> _TASK STATEMENT_
Exactly the lines from the one with "The image size is (953, 1232)." through the end of the data below must be set down, and no pictures with them.

══ RAW DATA

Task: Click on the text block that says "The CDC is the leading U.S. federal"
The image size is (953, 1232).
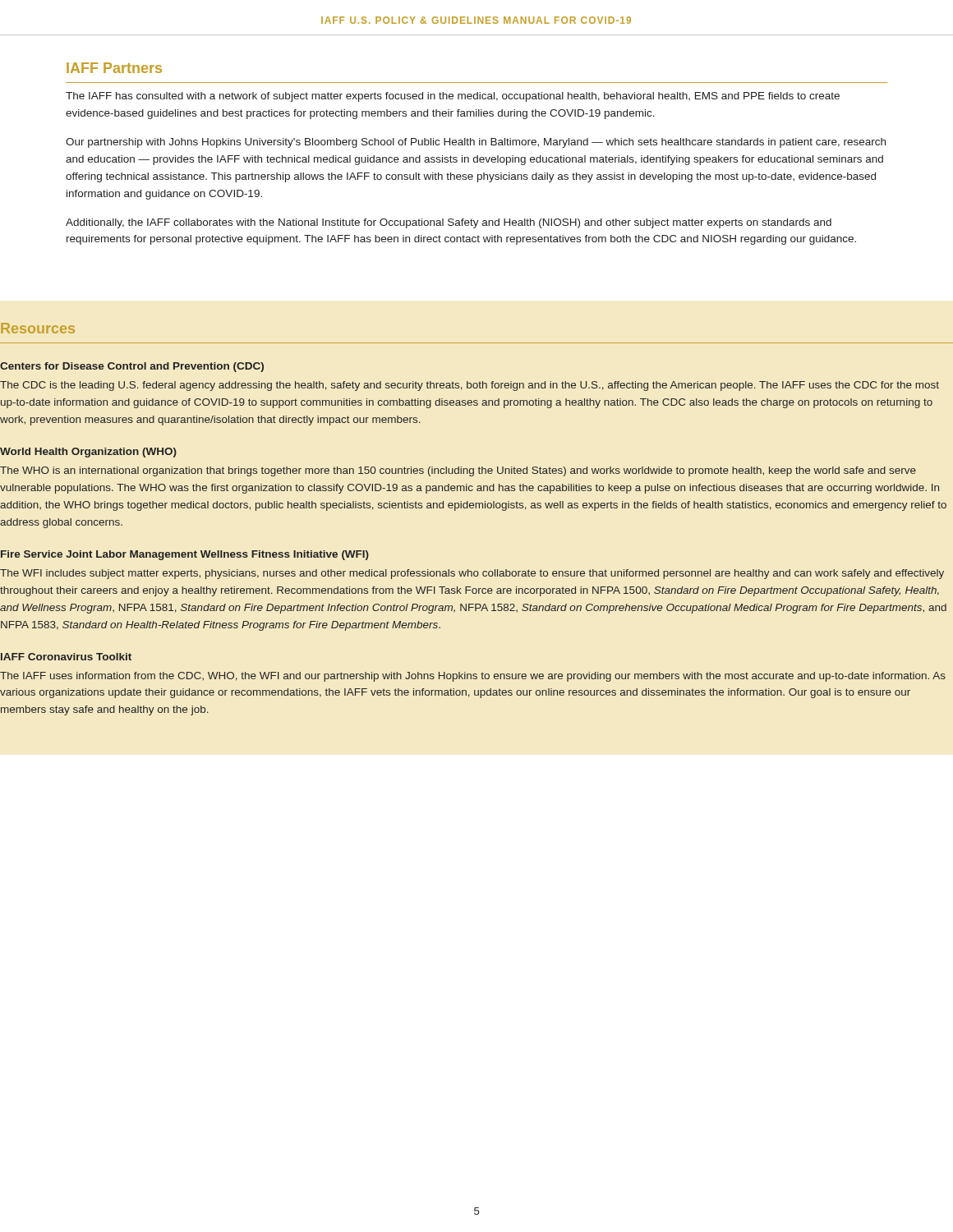Action: click(470, 402)
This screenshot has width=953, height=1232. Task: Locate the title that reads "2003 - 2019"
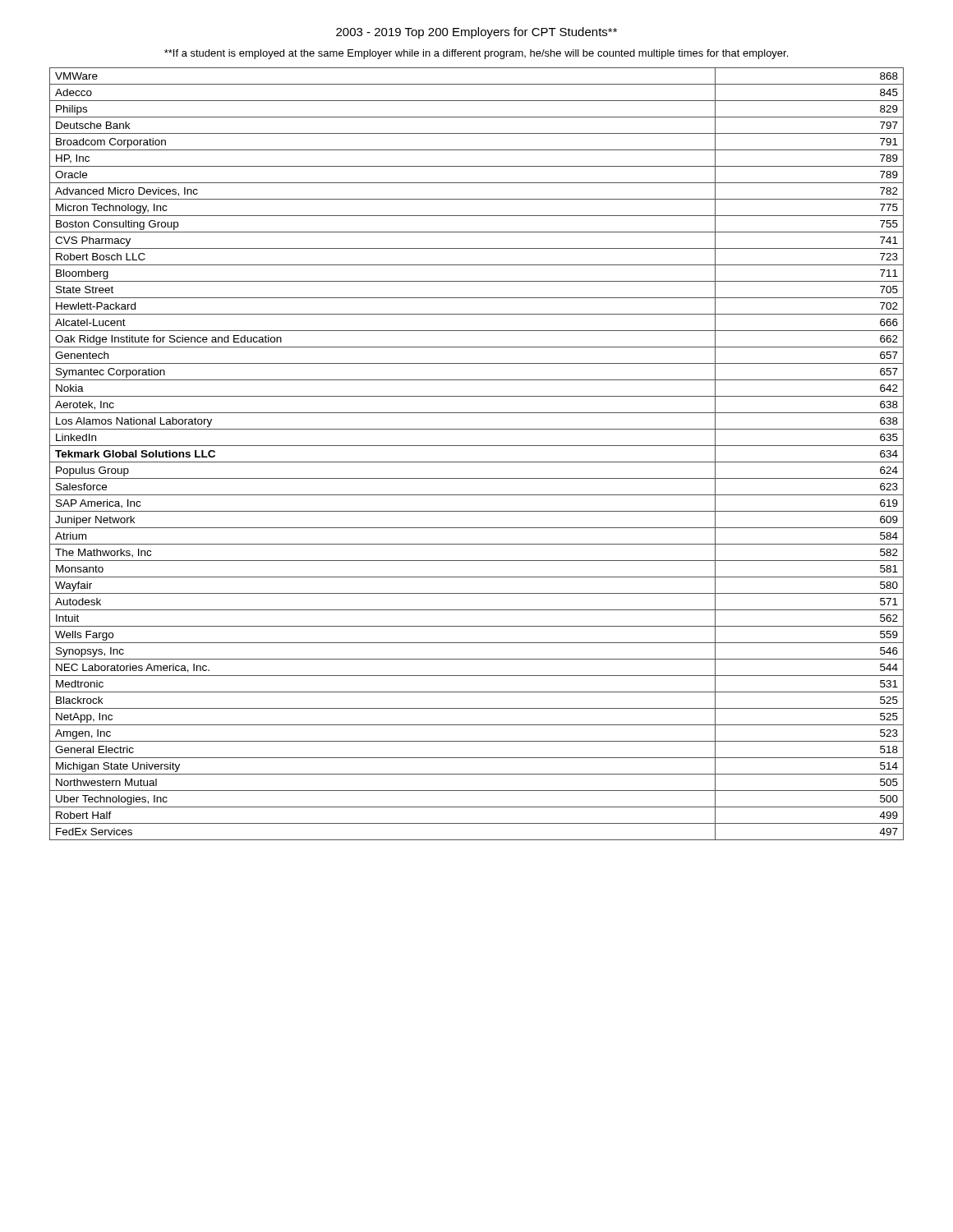pyautogui.click(x=476, y=32)
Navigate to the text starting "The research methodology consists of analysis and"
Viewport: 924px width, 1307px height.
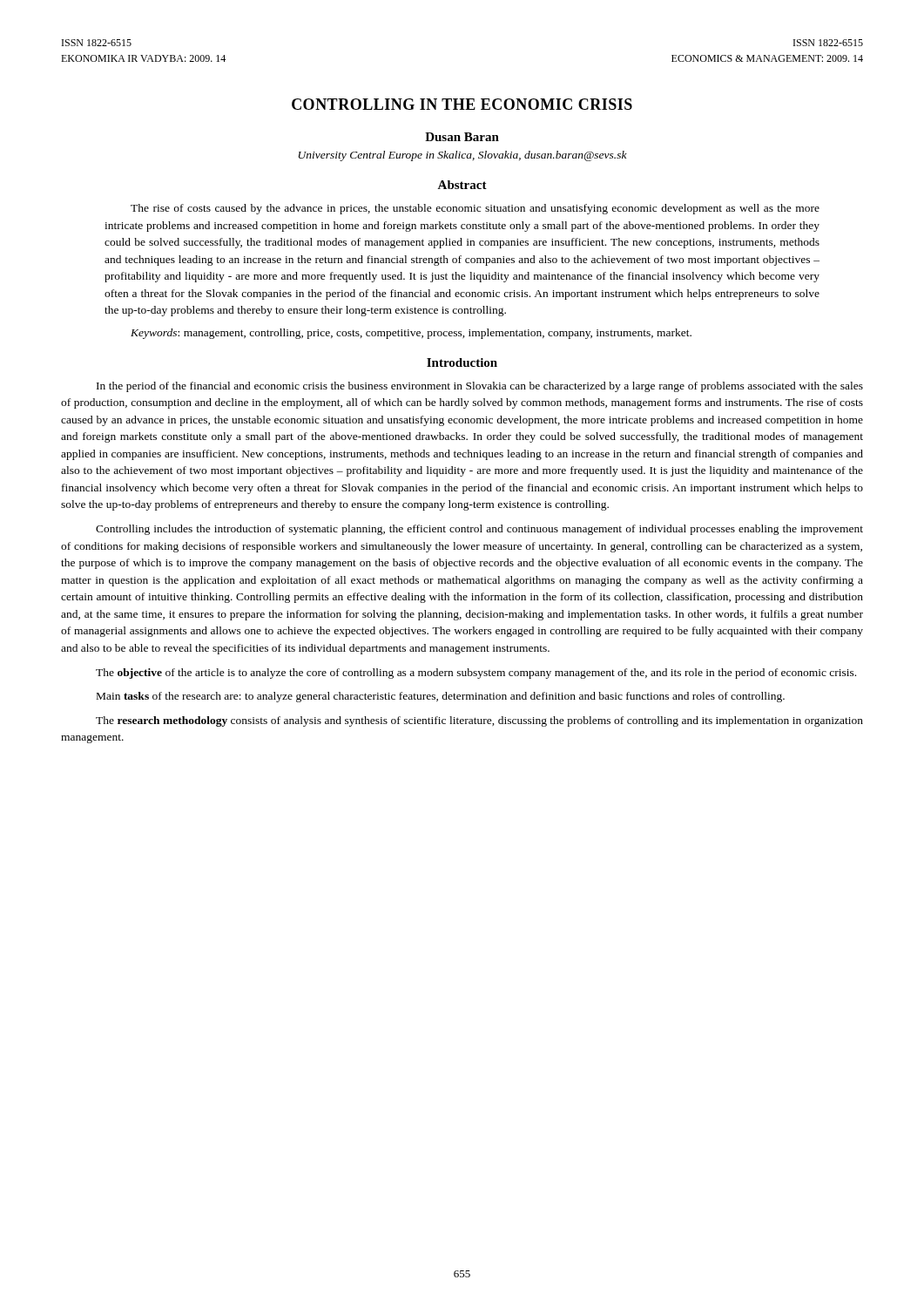pos(462,729)

════

> _THE ANSWER_
The image size is (953, 1232).
Action: click(470, 402)
This screenshot has width=953, height=1232. Task: Locate the title that reads "2003 - 2019"
pyautogui.click(x=476, y=32)
Navigate to the text starting "The research methodology consists of analysis and"
Viewport: 924px width, 1307px height.
pos(462,729)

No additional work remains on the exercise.